La Revue du Spectacle, le magazine des arts de la scène et du spectacle vivant. Infos théâtre, chanson, café-théâtre, cirque, arts de la rue, agenda, CD, etc.



Augmenter la taille du texte
Diminuer la taille du texte
Partager
Danse

"100 % Cuban"… Un régal… à la découverte de la culture cubaine !

Autour de sept chorégraphes, cinq créations et quatorze danseurs, le Théâtre national de Chaillot met à l'honneur Cuba avec la compagnie Acosta Danza créée par Carlos Acosta. C'est un voyage mêlant des mythes, la Santeria, des langues folkloriques et contemporaines, un vieux chant de prières Yoruba, la littérature cubaine anti-esclavagiste et une ballade au bord de mer sur le malecón de la Havane.



"De Punta a Cabo" © Yuris Nórido.
"De Punta a Cabo" © Yuris Nórido.
"Liberto", "Hybrid", "Paysage, Soudain, la nuit", "Impronta" et "De Punta a Cabo" sont les cinq créations qui composent le spectacle. Aussi variées que multiples, elles nous emmènent à la découverte de la culture cubaine par le biais de différents chemins artistiques.

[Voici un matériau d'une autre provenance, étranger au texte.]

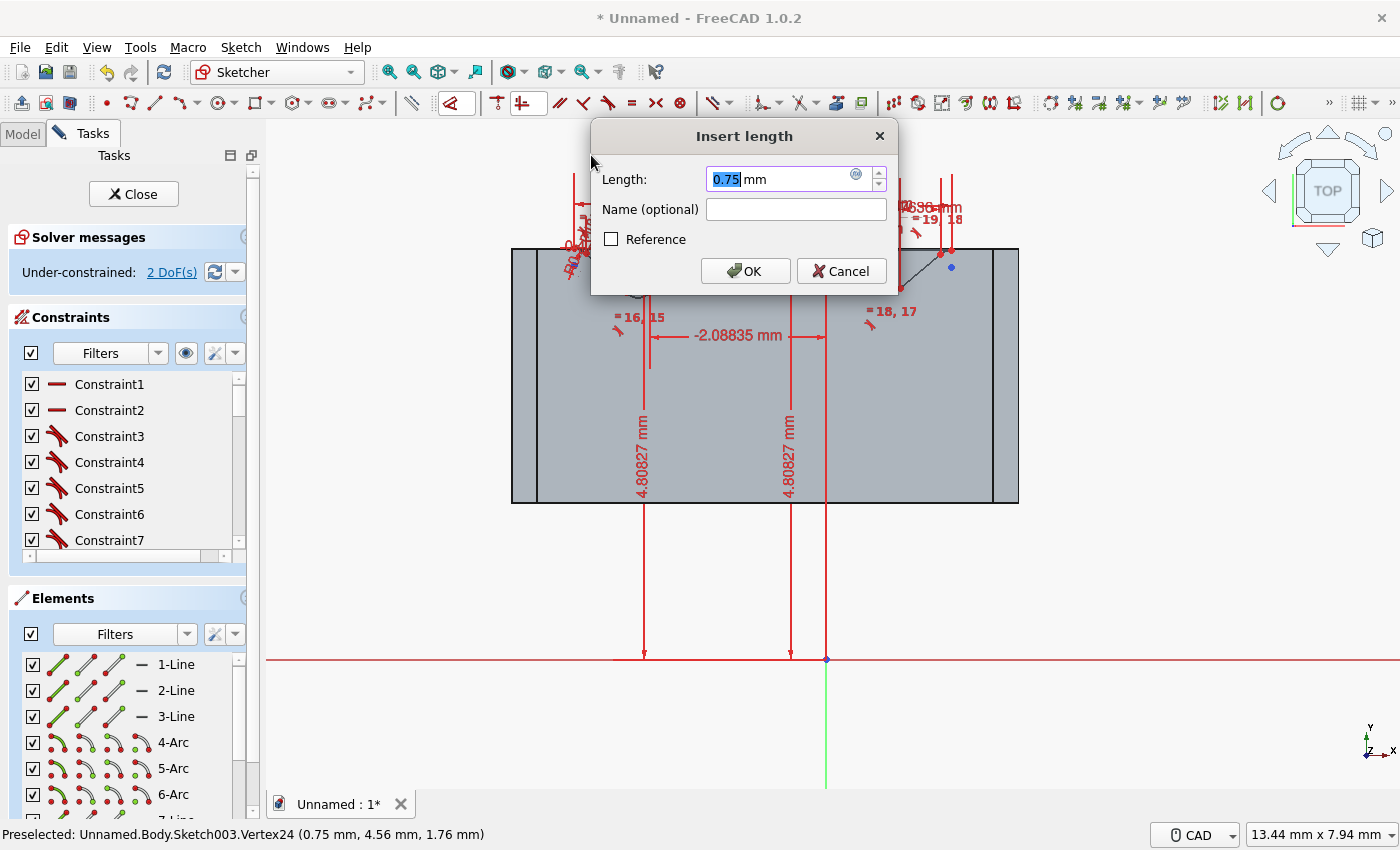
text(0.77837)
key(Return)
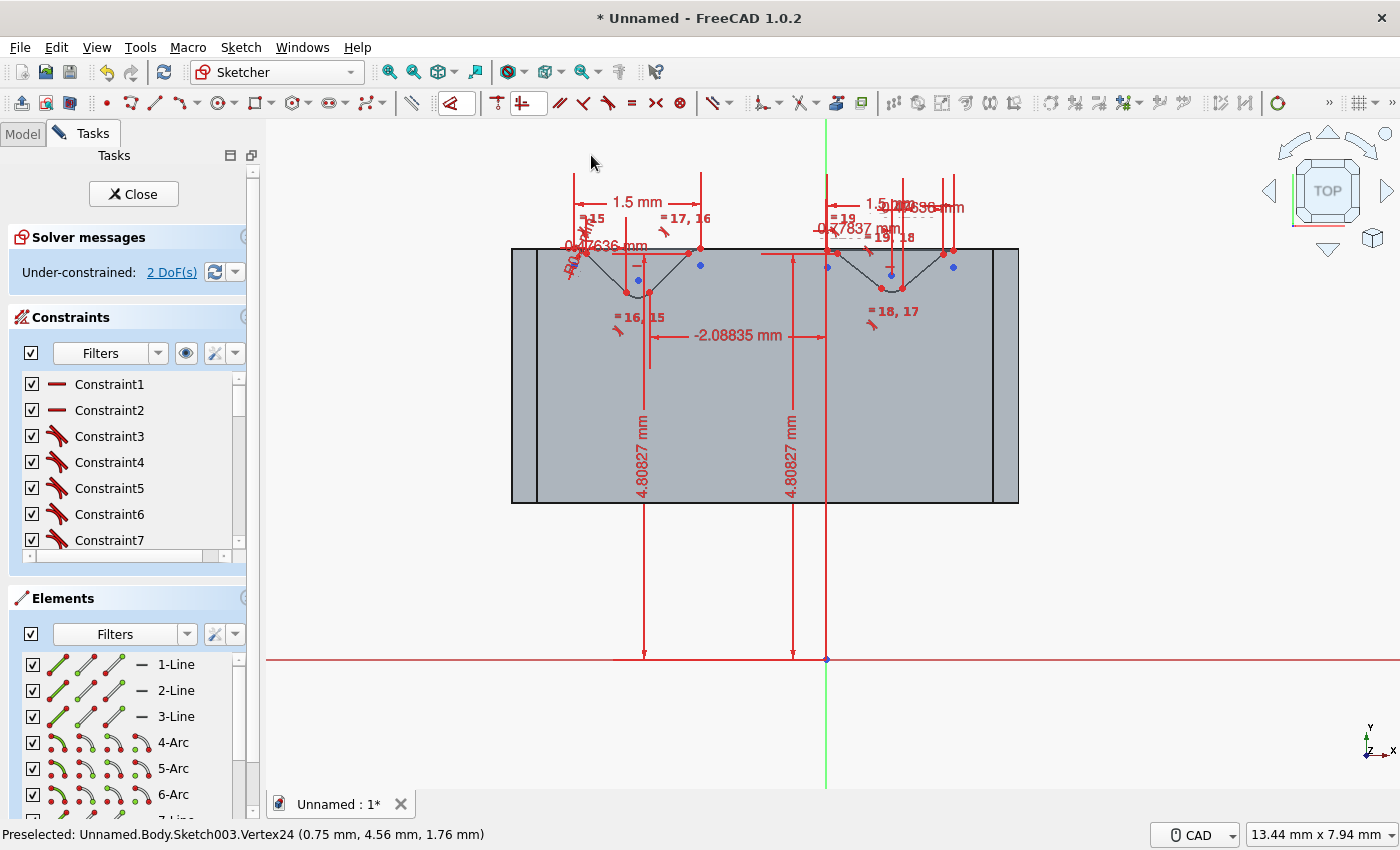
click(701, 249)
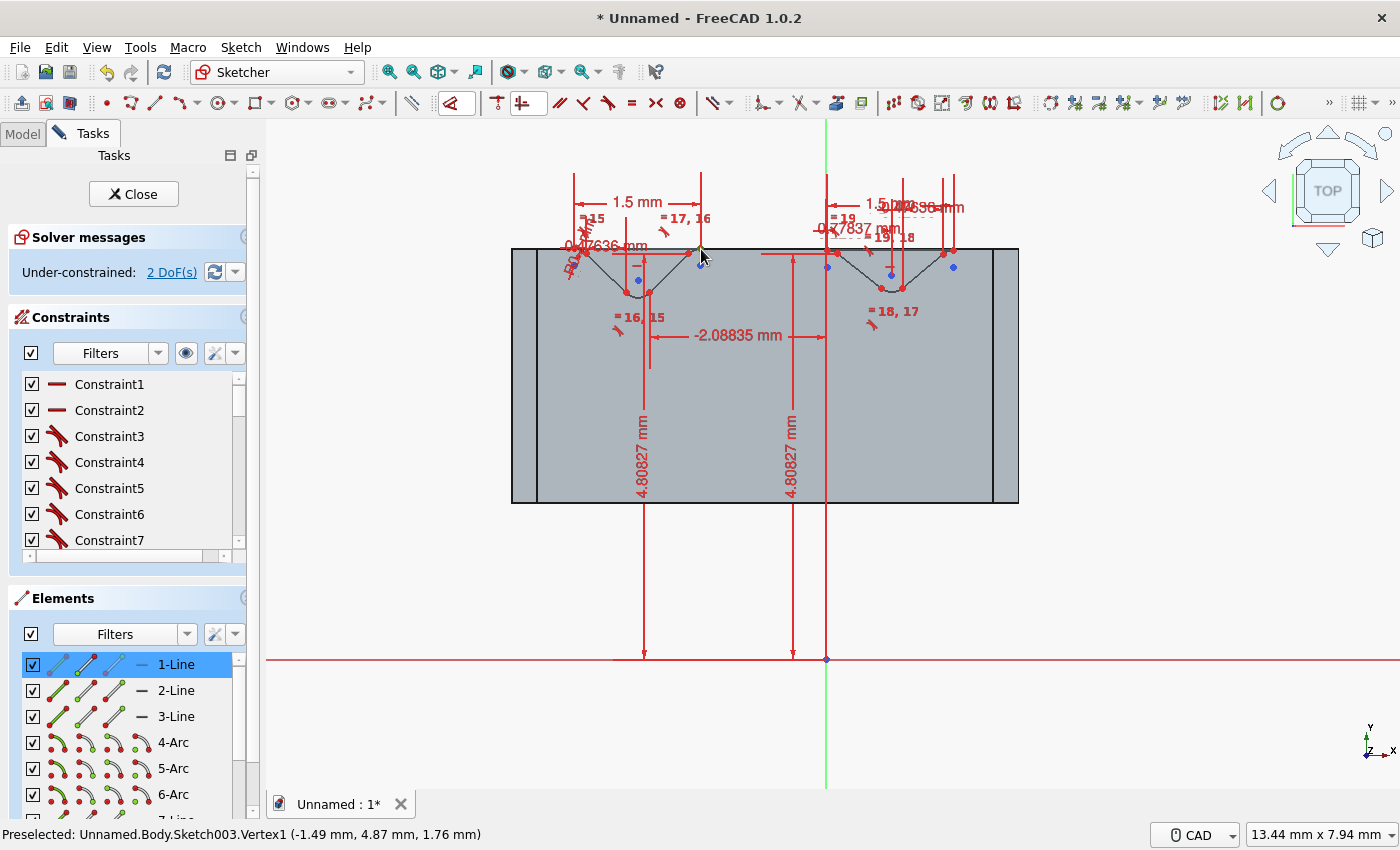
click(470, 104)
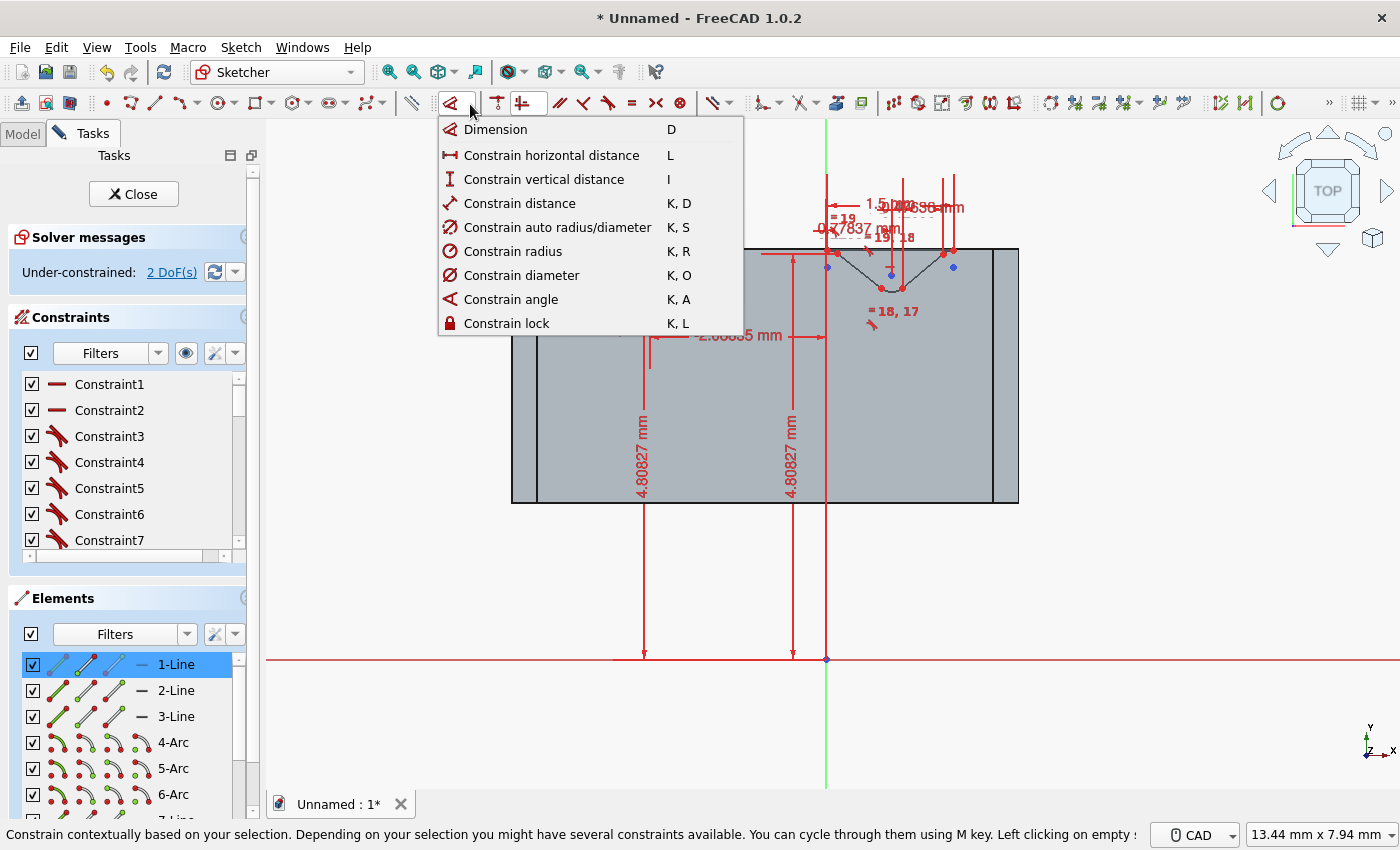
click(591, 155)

Différentes les unes des autres, les chorégraphies reposent, toutes, sur de la grâce. Les gestuelles s'accompagnent de courbures, d'arrondis laissant voir une gestique à la fois pleine de tension et de décontraction. Les angles droits n'ont pas droit de cité. Les artistes se lient les uns aux autres autour de différentes figures qui mêlent petits sauts, tours de cent quatre-vingts degrés, appuis sur les bras et les épaules, lancés de jambes et courbures des troncs. Les plantes des pieds, en biais, laissent les corps en suspension comme à la recherche d'un équilibre.

Assis par terre de temps en temps, les jambes allongées, ils gigotent par petits sauts par le biais des postérieurs. Celles-ci peuvent se lever aussi jusqu'aux épaules. Parfois un tronc se plie à l'arrière pour former un demi-cercle. Les gestuelles sont souvent amples et ouvertes comme un appel à l'ailleurs et au monde. La vitesse semble accompagner le temps, comme si les secondes s'écoulaient doucement et calmement.

"Paysage, Soudain, la nuit" © Kike.
"Paysage, Soudain, la nuit" © Kike.
Dans chaque chorégraphie, il y a une expressivité festive, grave, ou une couleur comme avec le bleu dans "Impronta". Dans "Hybrid" de Norge Cedeño et Thais Suárez, le rouge et des couleurs sombres mettent les deux groupes de danseurs dans une disposition scénique frontale. "Liberto" de Raúl Reinoso est un pas de deux qui s'inspire de deux œuvres de la littérature cubaine anti-esclavagiste "El monte" de Lydia Cabrera (1899-1991) et "Biografía de un cimarrón" de Miguel Barnet. Pour ce duo, la musique est de Pepe Gavilondo que l'on retrouve aussi dans le solo "Impronta" avec Zeleydi Crespo. Les mouvements sont là aussi tout en fluidité. Le corps est presque élastique, en adéquation avec la gravité, comme porté par elle.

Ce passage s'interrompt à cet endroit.